Given data: Begin
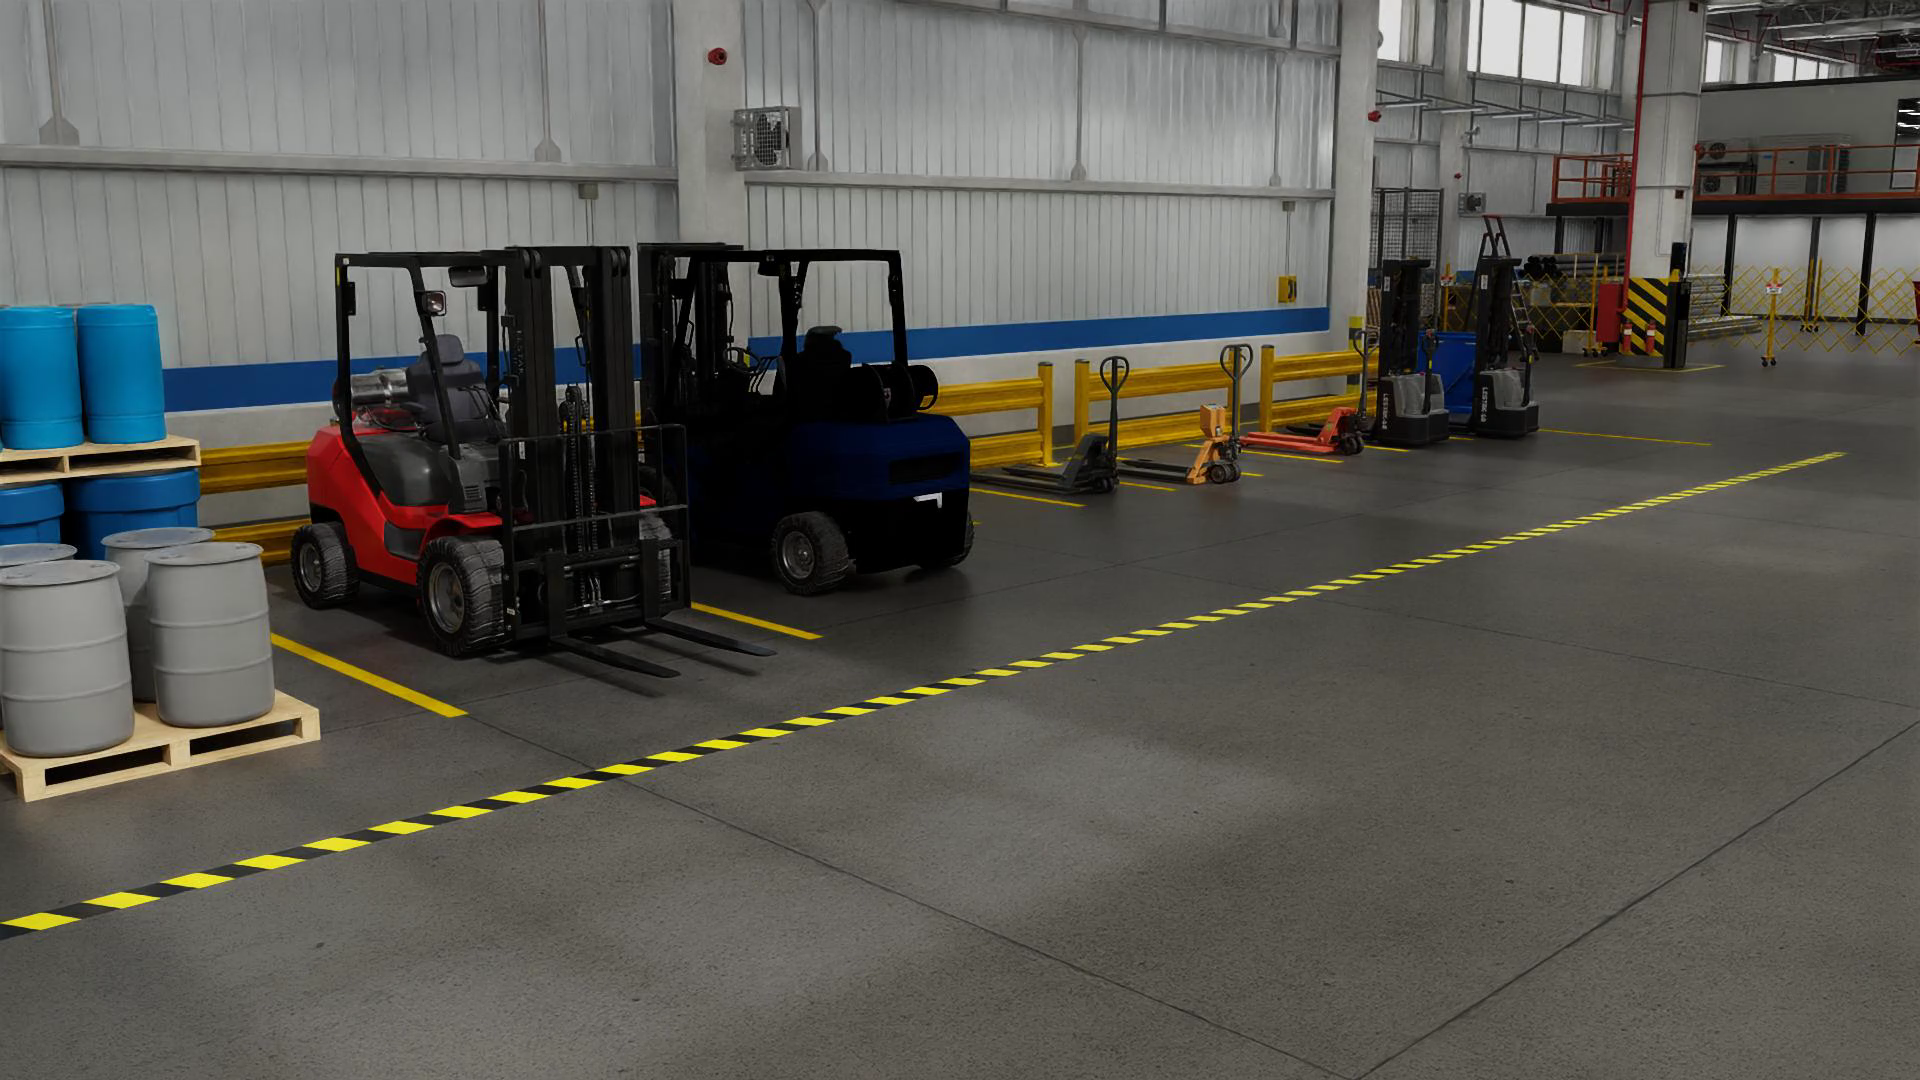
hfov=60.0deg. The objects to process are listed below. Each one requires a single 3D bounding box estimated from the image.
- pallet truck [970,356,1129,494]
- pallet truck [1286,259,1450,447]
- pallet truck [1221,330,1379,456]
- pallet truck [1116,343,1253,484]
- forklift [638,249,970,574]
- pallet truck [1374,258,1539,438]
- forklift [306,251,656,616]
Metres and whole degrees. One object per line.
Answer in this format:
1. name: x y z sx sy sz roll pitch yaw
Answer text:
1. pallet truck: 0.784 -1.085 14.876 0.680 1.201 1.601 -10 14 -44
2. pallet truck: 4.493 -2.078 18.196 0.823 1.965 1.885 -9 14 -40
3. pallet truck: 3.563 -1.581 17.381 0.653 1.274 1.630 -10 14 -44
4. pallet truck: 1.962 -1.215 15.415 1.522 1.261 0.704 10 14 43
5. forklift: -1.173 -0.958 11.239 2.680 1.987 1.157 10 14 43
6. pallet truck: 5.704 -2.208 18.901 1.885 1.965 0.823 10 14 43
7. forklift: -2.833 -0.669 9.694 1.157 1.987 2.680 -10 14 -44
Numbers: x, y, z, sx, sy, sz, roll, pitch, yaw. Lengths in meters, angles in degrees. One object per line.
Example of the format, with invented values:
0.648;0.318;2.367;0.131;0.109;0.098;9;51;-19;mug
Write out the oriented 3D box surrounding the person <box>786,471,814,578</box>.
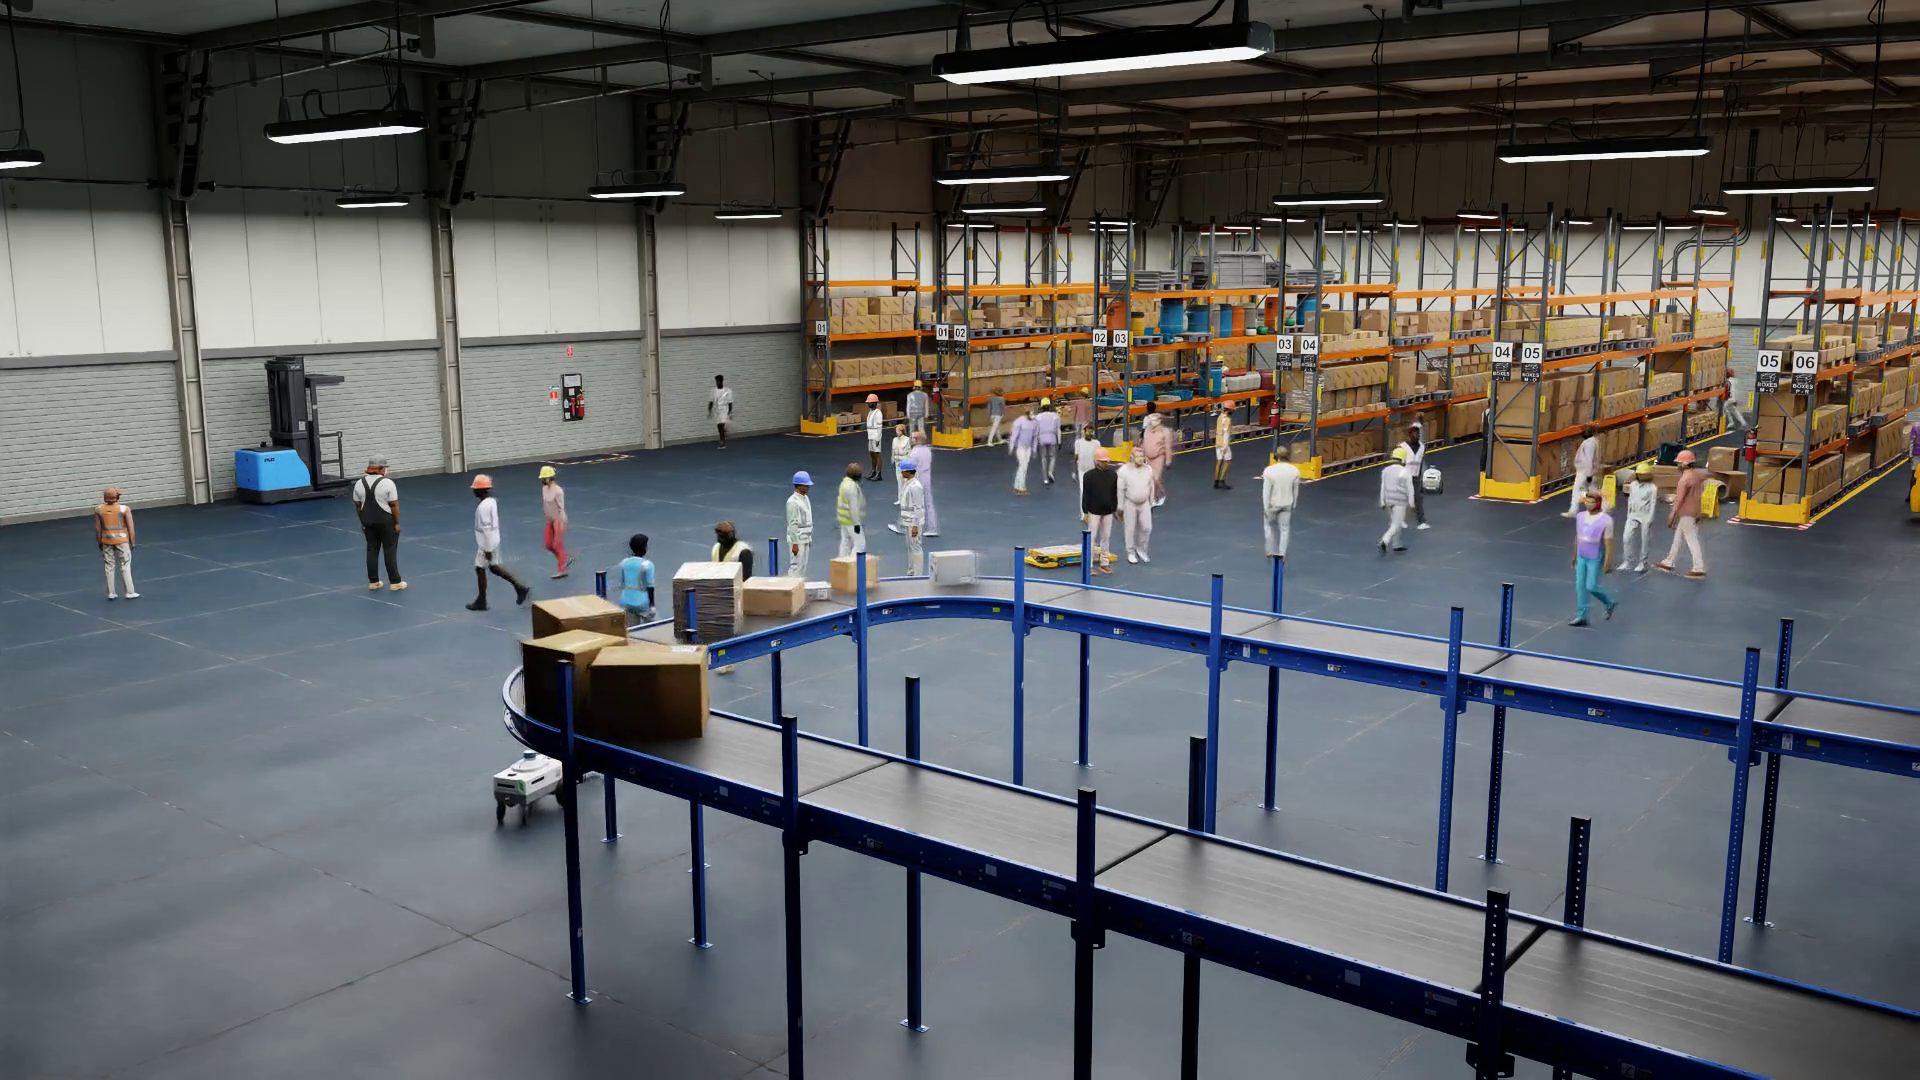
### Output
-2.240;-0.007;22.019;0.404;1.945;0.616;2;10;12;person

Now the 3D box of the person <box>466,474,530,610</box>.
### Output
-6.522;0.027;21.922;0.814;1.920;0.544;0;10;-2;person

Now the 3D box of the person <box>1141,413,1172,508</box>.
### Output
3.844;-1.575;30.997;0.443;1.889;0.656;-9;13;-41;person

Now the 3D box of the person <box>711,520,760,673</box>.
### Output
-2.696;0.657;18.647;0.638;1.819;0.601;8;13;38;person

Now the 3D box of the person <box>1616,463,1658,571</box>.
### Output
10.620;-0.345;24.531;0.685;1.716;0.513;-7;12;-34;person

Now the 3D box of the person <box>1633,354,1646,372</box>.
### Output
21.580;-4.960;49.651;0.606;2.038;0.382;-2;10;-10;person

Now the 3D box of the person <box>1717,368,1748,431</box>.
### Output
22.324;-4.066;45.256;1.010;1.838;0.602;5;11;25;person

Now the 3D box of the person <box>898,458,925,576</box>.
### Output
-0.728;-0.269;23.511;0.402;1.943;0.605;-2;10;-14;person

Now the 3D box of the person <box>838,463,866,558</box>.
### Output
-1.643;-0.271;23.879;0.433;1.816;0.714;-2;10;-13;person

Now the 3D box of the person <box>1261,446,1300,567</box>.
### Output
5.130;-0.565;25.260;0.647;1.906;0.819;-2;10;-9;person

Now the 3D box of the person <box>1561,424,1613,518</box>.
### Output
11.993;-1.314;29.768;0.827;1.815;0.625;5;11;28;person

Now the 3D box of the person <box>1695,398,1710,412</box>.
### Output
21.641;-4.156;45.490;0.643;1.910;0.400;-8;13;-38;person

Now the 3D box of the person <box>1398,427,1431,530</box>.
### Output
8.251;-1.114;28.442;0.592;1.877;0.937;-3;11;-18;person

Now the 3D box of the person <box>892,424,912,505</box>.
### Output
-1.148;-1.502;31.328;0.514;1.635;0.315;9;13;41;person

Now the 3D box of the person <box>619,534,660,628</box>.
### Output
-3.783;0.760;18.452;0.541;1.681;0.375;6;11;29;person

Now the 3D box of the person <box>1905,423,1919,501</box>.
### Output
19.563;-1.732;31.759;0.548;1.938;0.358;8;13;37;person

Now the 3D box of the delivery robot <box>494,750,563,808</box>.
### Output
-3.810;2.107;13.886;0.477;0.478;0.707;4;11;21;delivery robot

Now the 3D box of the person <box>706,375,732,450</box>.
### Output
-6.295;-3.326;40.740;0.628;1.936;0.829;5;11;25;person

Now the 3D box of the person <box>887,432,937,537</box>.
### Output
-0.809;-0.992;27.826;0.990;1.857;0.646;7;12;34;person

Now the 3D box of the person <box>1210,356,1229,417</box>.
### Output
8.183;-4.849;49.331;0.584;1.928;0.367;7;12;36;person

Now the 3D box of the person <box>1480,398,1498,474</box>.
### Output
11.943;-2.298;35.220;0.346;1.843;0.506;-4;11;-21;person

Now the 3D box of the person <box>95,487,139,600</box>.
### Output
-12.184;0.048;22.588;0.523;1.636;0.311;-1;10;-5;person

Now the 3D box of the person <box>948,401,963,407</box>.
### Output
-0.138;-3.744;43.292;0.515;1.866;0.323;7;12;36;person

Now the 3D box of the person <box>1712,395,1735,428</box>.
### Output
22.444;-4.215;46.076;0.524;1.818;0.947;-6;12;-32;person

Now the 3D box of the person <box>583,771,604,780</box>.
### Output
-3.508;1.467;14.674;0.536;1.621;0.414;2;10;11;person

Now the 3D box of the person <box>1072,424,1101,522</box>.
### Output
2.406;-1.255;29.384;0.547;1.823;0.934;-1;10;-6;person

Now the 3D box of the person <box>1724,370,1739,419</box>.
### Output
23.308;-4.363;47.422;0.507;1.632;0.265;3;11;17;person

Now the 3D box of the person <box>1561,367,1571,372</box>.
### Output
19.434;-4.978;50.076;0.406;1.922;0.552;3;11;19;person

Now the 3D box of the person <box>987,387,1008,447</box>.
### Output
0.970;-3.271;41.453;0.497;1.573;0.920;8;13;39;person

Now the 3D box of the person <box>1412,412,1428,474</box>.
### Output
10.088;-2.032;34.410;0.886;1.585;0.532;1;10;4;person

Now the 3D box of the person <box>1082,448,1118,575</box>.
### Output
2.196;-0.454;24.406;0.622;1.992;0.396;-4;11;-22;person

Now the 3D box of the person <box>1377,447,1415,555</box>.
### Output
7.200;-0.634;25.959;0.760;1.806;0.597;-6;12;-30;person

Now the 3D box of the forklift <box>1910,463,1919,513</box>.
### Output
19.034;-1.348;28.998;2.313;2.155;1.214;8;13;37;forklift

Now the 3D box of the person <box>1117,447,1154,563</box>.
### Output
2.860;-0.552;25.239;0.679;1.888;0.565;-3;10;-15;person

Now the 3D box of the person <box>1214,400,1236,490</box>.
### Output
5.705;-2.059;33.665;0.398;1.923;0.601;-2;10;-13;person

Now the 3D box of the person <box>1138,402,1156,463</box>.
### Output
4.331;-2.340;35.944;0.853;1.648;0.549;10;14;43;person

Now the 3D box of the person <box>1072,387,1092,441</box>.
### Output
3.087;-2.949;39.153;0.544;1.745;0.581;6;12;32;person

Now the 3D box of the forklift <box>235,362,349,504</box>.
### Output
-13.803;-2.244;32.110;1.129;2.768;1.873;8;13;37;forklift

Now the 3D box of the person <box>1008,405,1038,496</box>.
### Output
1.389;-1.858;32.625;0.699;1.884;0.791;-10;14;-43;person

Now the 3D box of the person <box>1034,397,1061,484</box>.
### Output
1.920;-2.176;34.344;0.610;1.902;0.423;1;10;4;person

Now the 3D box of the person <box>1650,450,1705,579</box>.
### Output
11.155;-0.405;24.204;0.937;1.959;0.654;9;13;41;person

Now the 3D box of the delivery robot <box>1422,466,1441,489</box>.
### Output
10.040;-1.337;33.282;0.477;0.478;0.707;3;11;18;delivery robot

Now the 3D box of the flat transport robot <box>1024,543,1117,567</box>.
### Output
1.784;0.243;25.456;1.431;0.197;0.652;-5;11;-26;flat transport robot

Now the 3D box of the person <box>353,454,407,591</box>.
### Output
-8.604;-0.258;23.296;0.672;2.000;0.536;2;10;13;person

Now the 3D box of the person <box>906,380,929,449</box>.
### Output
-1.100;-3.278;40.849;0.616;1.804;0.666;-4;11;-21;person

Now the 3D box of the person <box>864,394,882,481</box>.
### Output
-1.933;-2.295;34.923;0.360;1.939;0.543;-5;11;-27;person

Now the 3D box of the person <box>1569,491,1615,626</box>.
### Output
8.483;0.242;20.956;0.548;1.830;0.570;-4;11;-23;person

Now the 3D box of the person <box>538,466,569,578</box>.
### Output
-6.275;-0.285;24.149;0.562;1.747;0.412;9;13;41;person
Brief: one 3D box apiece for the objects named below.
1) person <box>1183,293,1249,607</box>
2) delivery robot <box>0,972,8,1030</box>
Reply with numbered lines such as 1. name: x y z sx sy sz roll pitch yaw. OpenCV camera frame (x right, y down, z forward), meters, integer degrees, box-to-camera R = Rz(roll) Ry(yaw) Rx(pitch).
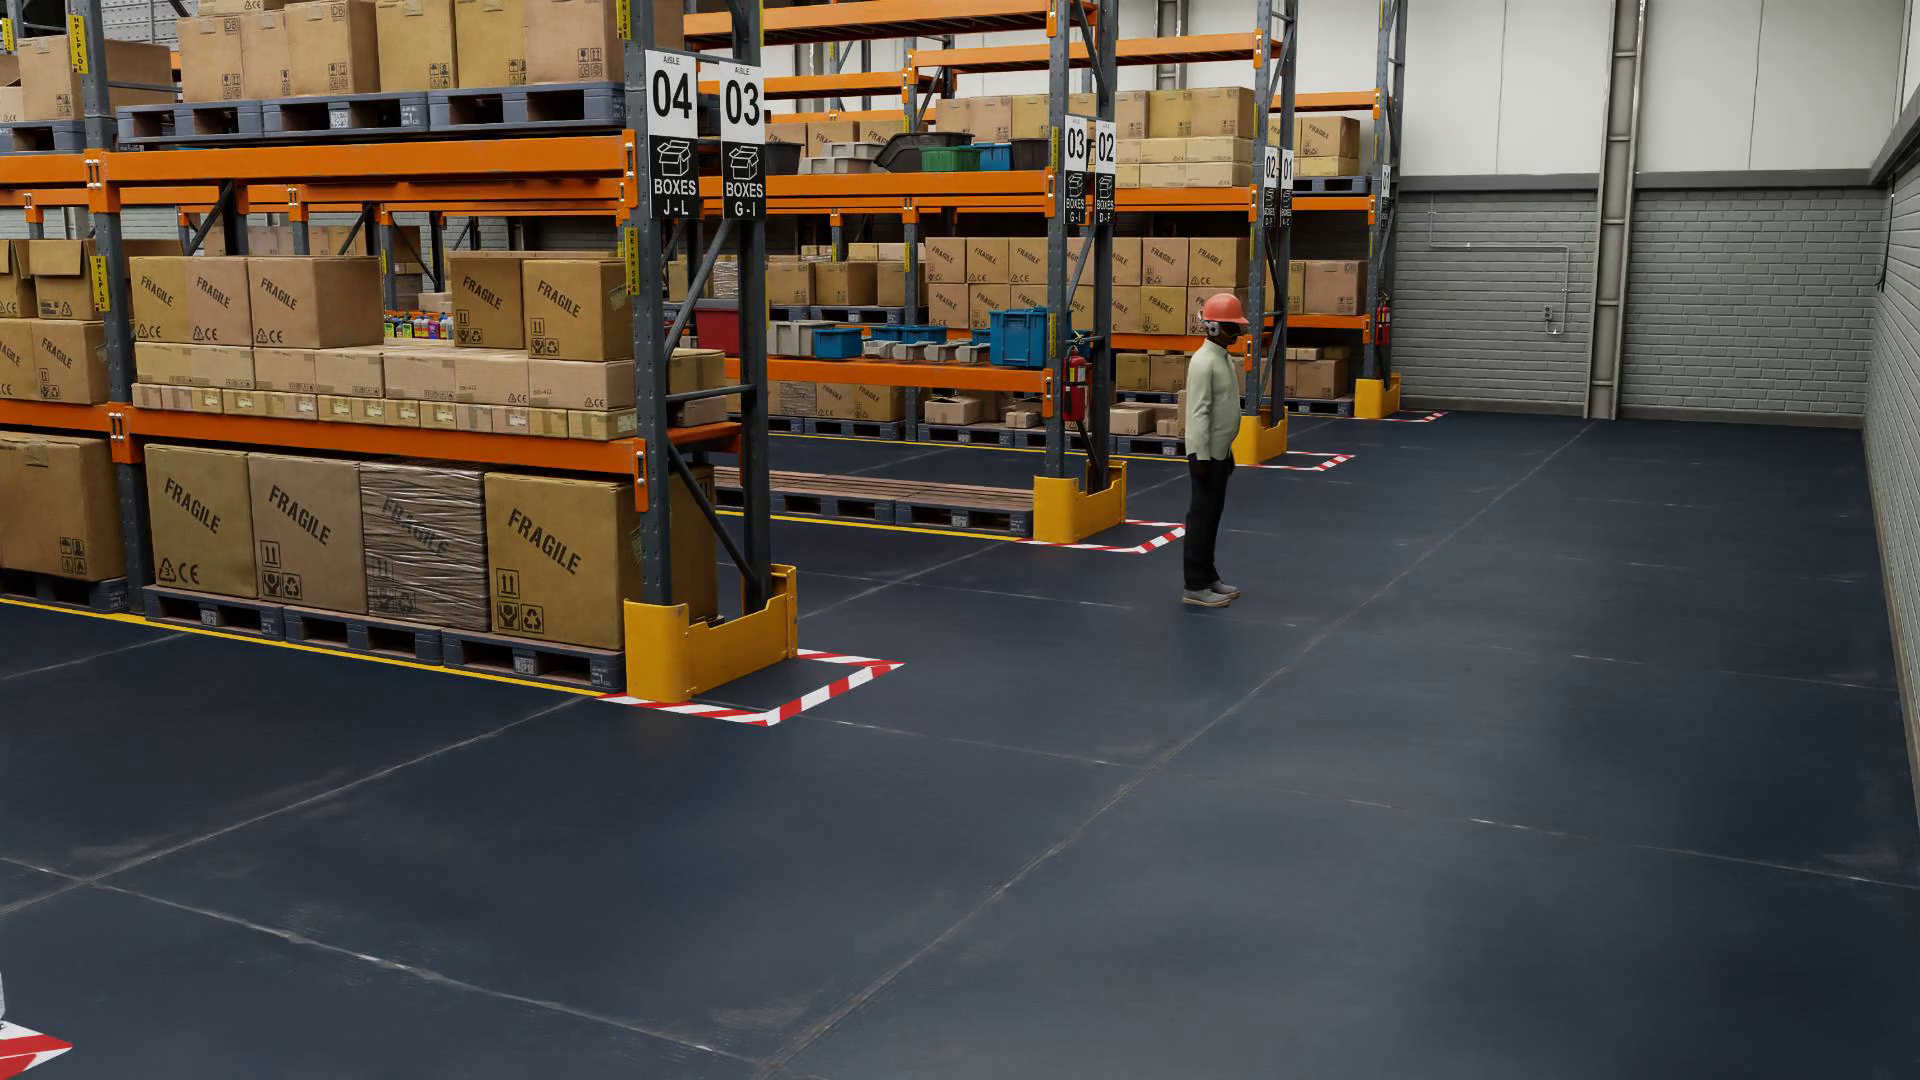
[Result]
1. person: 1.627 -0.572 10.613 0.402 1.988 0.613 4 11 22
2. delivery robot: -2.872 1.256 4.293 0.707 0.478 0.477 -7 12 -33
Given data: End
## Prompt
Search the data for the word "roll" and copy each line where it appears.

## Answer box
1. name: x y z sx sy sz roll pitch yaw
Numbers: x, y, z, sx, sy, sz, roll, pitch, yaw. Lengths in meters, angles in degrees. One object per line.
Reply with numbered lines such as 1. name: x y z sx sy sz roll pitch yaw. OpenCV camera frame (x right, y down, z forward), meters, integer degrees, box-to-camera R = Rz(roll) Ry(yaw) Rx(pitch).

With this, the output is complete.